Il rapporto amichevole con Torres

Anche quando non è direttamente coinvolto, Barton trova sempre il modo di entrare nella discussione e fomentare gli attriti. Esattamente come è successo in questo match contro il Liverpool del dicembre 2010. Dopo uno scontro a centrocampo gli animi si scaldano e - seppur estraneo alla vicenda - Barton si getta nella mischia andando subito a cercare un pacifico confronto con Fernando Torres. Invettive di vario genere, mano sugli attributi e sguardo di sfida in direzione del Niño, il tutto condito - si dice - da un sonoro f*cking poof, insulto dai vaghi connotati omofobi che in fascia protetta tradurremmo con "checca". Insomma, non il miglior esempio di discussione costruttiva.

via GIPHY

Perdere la testa nei momenti chiave

Episodio arcinoto dalle nostre parti per la platealità del gesto, ma, soprattutto, per via del racconto schierato e appassionato da parte di Massimo Marianella, telecronista di Sky che documentò la vicenda in quell'accesissimo Manchester City – Qpr del 13 maggio 2012. Immaginate la scena: mancano circa 40 minuti alla fine del match, punteggio fisso sull’1-1. Il Qpr è ha un passo dalla retrocessione e se non vince deve sperare che lo Stoke non perda contro il Bolton. Barton pensa bene di sfoderare una gomitata a Tevez, scatenando una rissa e scaldando gli animi. Morale: cartellino rosso e Qpr in dieci. Non pago della bravata, prima di lasciare il campo e a gioco fermo, rifila una violenta ginocchiata sulla schiena dell’ignaro Agüero. A quel punto Marianella sveste i panni del commentatore super partes, demolisce la quarta parete e si accomoda direttamente sul divano con noi telespettatori, come se per tutto il tempo ci fosse stato di fianco, lasciandosi completamente andare: “Il solito Barton l’ha combinata grossissima […]. È veramente un cretino […], è un criminale, e infatti è stato in galera due volte. È uno stupido e un criminale. Ed è un vigliacco […]. Non dovrebbe mai stare in un campo di Premier League neanche con un biglietto. È la peggiore immagine che si possa dare a uno sport. È un giocatore vergognoso”.

via GIPHY

 

Come aizzare e innervosire i tifosi avversari: Joey Barton’s way

Cosa fai quando stai perdendo 1-0, ma la tua squadra pareggia al 90esimo inoltrato? Esulti come un pazzo in mezzo al campo, magari andando ad abbracciare i compagni? Macché. Barton decide di rispedire al mittente tutti gli insulti ricevuti fin lì con gli interessi, calandosi i pantaloncini e mostrando il fondoschiena ai tifosi dei Toffees che l’avevano preso di mira da inizio gara. Solita reazione diplomatica.

 

Can’t mess with Joey

Che ti chiami Pedersen, Torres o Ibrahimovic poco importa. Se incroci Barton sulla tua strada, stai sicuro che non abbasserà la testa alle provocazioni. In questo match di Coppa di Francia, lo svedese – dopo aver commesso fallo su di lui – gli dice qualcosa come “dovresti essere un uomo forte no? E allora stai in piedi”. La reazione di Barton – benché più pacata del normale – non tarda ad arrivare: serrato botta e risposta ed esplicito gesto teso ad imitare il nasone di Ibra.

via GIPHY

Le reazioni esagerate, i continui screzi con avversari e compagni (come quando mandò Dabo all'ospedale), hanno finito per creare un vero e proprio personaggio che facesse passare quasi in secondo piano il suo status di calciatore. Oggi Barton si è ritirato, lasciando dietro di lui un ricordo amaro che oscura quasi totalmente le sue qualità di giocatore.
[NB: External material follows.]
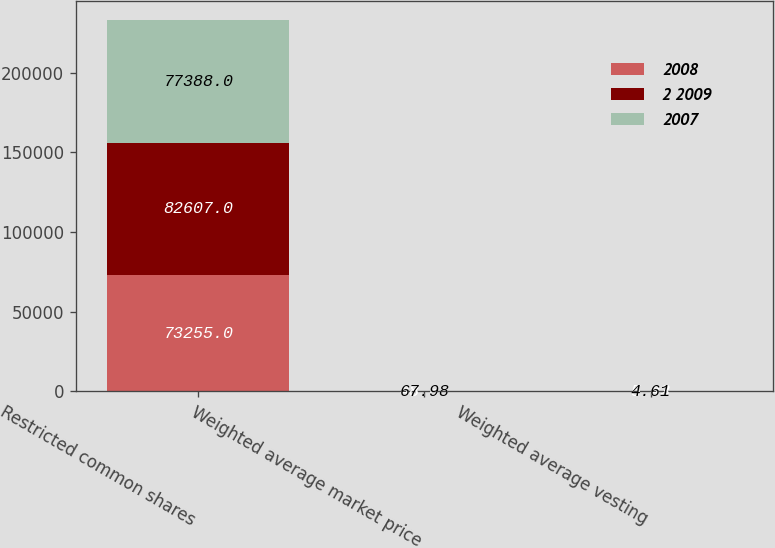<chart> <loc_0><loc_0><loc_500><loc_500><stacked_bar_chart><ecel><fcel>Restricted common shares<fcel>Weighted average market price<fcel>Weighted average vesting<nl><fcel>2008<fcel>73255<fcel>43.68<fcel>4.42<nl><fcel>2 2009<fcel>82607<fcel>68.98<fcel>5.03<nl><fcel>2007<fcel>77388<fcel>67.98<fcel>4.61<nl></chart>

Come sosteneva Seneca, “un animo grande disprezza la grandezza e preferisce la moderazione agli eccessi; quella è utile e vitale, questi, invece, nocciono, proprio perché sono superflui”. Barton, dalla sua, non dev’essere mai stato del tutto d’accordo con il pensatore, anzi. Dopo il ritiro sintetizzò così il suo trascorso e la sua tortuosa carriera: “Ho usato tanta di quest'energia oscura che mi porto dentro per fare di me stesso un calciatore, se fossi stato una persona equilibrata non sarei mai diventato un atleta di alto livello”.